Do you require ‘QA Blueprint’ support? N

:link: How To Test

:link: Functionality Test

  1. Install required packages:sudo dnf install ibus-speech-to-text

  2. Restart IBus using ibus restart command

  3. Add Speech To Text in input sources

  4. Launch the IBus STT Setup tool from the preferences for a configuration and to download a language model

  5. Open a text editor

  6. This Input Method can also be enabled and disabled with the default shortcut (“Win + Space”) used to switch between IBus Input Methods

:link: User Experience

Users will be able to:

  • Dictate text in any application supporting IBus
  • Switch between typing and voice input easily
  • Manage language models through a modern IBus STT Setup tool

:link: Dependencies

:link: Contingency Plan

  • Contingency mechanism: Remove the package
  • Contingency deadline: N/A
  • Blocks release? N/A

:link: Documentation

:link: Release Notes

ibus-speech-to-text has been added to Fedora

Last edited by @amoloney 2025-01-23T20:13:03Z

Last edited by @amoloney 2025-01-23T20:13:03Z

2 Likes

How do you feel about the proposal as written?

  • Strongly in favor
  • In favor, with reservations
  • Neutral
  • Opposed, but could be convinced
  • Strongly opposed
0 voters

If you are in favor but have reservations, or are opposed but something could change your mind, please explain in a reply.

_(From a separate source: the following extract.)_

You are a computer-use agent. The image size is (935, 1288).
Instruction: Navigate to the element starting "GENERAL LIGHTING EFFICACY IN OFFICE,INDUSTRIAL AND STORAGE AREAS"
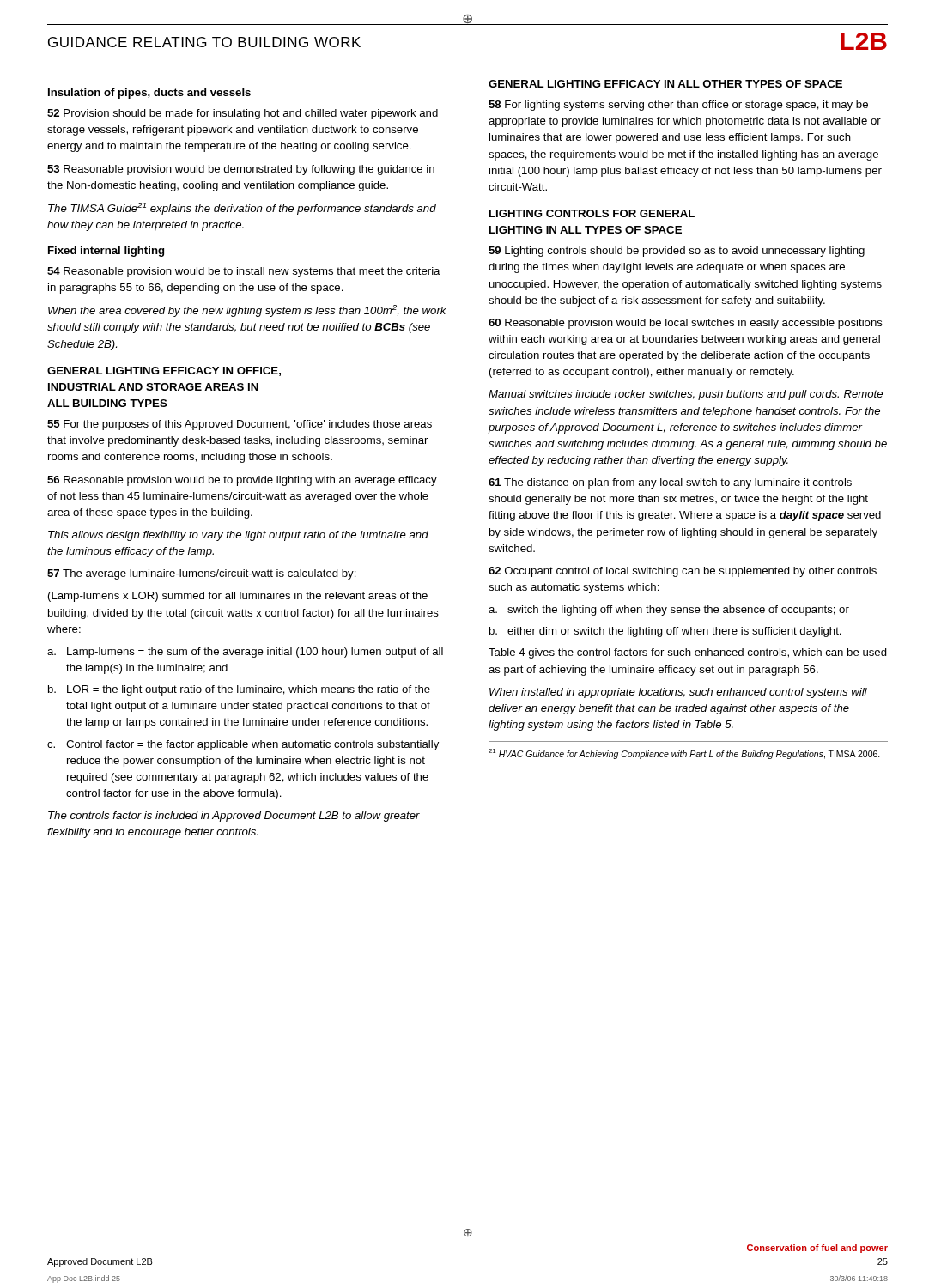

We want everyone to be heard, but many posts repeating the same thing actually makes that harder. If you have something new to say, please say it. If, instead, you find someone has already covered what you’d like to express, please simply give that post a :heart: instead of reiterating. You can even do this by email, by replying with the heart emoji or just “+1”. This will make long topics easier to follow.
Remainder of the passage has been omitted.